REPUBLIKA.CO.ID, JAKARTA -- Juru Bicara Komisi Pemberantasan Korupsi (KPK) Febri Diansyah tak membantah adanya kerja sama yang dilakukan KPK dengan FBI terkait penanganan kasus korupsi proyek pengadaan KTP-elektronik (KTP-el). "Benar KPK bekerja sama dan berkoordinasi dengan otoritas di beberapa negara, dengan AS kami lakukan kerja sama dengan FBI terkait dengan pengumpulan dan pencarian bukti," kata Febri, di Gedung KPK, Kamis (5/10).
Menurut Febri, ada bukti-bukti kasus KTP-el yang berada di AS. "Ada juga indikasi aliran dana kepada sejumlah pejabat di Indonesia yang sudah terungkap juga di proses persidangan di AS tersebut dan sebagian juga sudah terungkap di proses persidangan kasus KTP-el yang sedang berjalan di Pengadilan Tipikor di Indonesia," ujar Febri.
Febri melanjutkan, apa yang terungkap tersebut masih akan didalami lebih lanjut oleh KPK. "Kami akan kembali berkoordinasi dengan FBI terkait dengan bukti-bukti yang sudah didapatkan di sana karena di sana ada tuntutan hukum terkait dengan sejumlah kekayaan yang diduga berasal dari kejahatan atau yang diduga ada kejahatan lintas negara di sana tentu kami akan koordinasi lebih lanjut," tambah Febri.
Adanya temuan dalam persidangan di AS itu, sambung Febri, sekaligus semakin menguatkan bahwa bukti-bukti yang ada terkait dengan indikasi korupsi KTP-el akan sangat kuat. Meskipun, bukti-bukti yang KPK ajukan dalam persidangan praperadilan Setya Novanto kemarin secara formil tidak dipandang sebagai alat bukti dalam penyidikan terhadap Novanto.
"Tetapi putusan praperadilan itu mau tidak mau wajib kami hormati dan kami terima dan setelah ini KPK mendalami lebih lanjut aspek formalitas ataupun materil dari kasus-kasus KTP-el ini dan kami akan juga proses pihak-pihak lain, bukti dan kerja sama dari FBI itu menjadi salah satu faktor yang semakin memperkuat penanganan kasus KTP-el yang kami lakukan," tuturnya.
Sebelumnya, dilansir dari laman wehoville.com, menurut laporan agen FBI menyebut, Johannes Marliem pernah memberi jam tangan senilai Rp 1,8 miliar ke Setya Novanto. Hal itu terungkap dalam gugatan yang diajukan Pemerintah Federal Minesotta kepada Marliem.
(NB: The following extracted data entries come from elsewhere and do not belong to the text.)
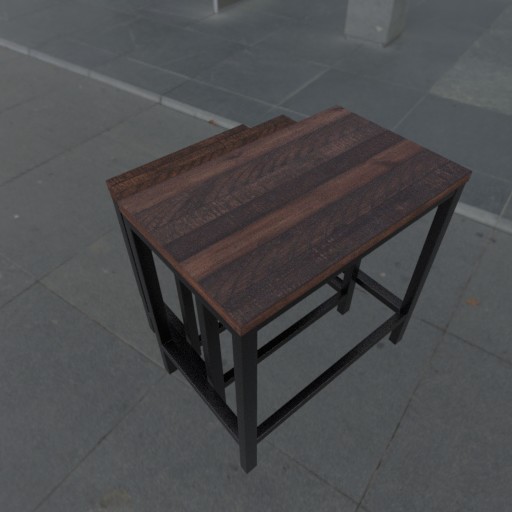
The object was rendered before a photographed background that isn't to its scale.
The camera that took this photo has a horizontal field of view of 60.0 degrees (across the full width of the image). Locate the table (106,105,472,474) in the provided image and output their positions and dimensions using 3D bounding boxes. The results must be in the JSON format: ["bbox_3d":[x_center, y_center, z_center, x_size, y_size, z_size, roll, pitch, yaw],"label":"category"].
[{"bbox_3d":[0.000,0.000,1.169,0.608,0.616,0.660,-31,53,-27],"label":"table"}]
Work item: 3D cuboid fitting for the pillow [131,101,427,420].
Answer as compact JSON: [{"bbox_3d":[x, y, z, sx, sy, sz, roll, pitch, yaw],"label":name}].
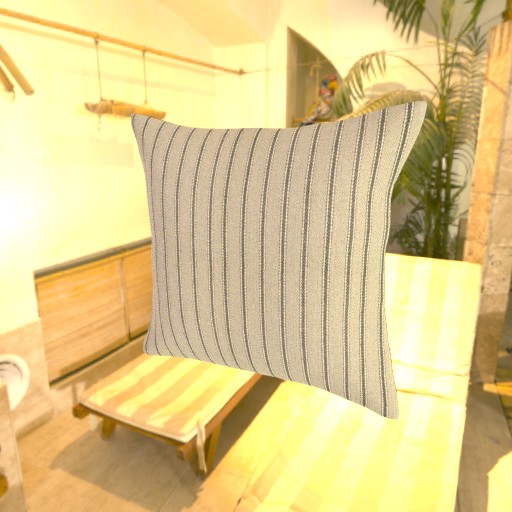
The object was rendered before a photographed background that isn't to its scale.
[{"bbox_3d":[0.000,0.000,0.692,0.468,0.444,0.138,7,17,25],"label":"pillow"}]

Penegak hukum di Minesotta ingin menyita aset Marliem sebesar 12 juta dolar AS yang mereka yakini didapatkan melalui skandal yang melibatkan pemerintah Indonesia. Dalam dokumen gugatan tersebut, agen khusus FBI Jonathan Holden menyatakan, Marliem mengakui memberikan sejumlah uang dan benda lain kepada pejabat di Indonesia terkait lelang proyek pengadaan KTP-el pada 2011.
Keterangan itu didapatkan Holden dari pemeriksaan terhadap Marliem pada Agustus 2017. Marliem, menurut pengakuan Agen Holden, mengungkap soal pemberian jam tangan Richard Mille kepada Novanto senilai 135 ribu dolar AS atau sekitar Rp 1,8 miliar. Jam tangan tersebut diberi Marliem di Beverly Hills, Los Angeles.